§ **Input records**
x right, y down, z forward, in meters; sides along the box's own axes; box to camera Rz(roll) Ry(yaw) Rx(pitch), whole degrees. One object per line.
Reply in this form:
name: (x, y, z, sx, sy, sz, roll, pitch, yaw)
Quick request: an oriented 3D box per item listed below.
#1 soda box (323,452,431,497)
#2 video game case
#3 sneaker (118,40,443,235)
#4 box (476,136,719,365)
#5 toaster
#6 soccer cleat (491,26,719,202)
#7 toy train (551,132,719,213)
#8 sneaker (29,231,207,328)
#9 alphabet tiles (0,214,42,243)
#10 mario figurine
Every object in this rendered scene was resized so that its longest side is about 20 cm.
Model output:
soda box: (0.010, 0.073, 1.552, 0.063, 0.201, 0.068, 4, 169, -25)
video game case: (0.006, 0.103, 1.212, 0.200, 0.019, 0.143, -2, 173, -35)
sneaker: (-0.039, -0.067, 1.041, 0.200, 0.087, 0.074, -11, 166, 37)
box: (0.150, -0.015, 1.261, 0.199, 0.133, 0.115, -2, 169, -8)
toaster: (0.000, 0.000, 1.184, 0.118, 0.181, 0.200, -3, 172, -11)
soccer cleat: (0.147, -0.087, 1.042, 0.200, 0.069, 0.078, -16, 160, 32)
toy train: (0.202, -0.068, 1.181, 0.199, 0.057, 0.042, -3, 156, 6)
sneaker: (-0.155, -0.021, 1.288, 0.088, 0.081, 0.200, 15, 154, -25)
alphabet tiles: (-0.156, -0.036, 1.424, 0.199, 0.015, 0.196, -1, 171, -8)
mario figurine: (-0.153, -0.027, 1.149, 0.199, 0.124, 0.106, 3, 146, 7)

§ **Assignment**
For every line above that includes the word "roll", return the line.

§ **Answer box**
x right, y down, z forward, in meters; sides along the box's own axes; box to camera Rz(roll) Ry(yaw) Rx(pitch), whole degrees. One object per line.
name: (x, y, z, sx, sy, sz, roll, pitch, yaw)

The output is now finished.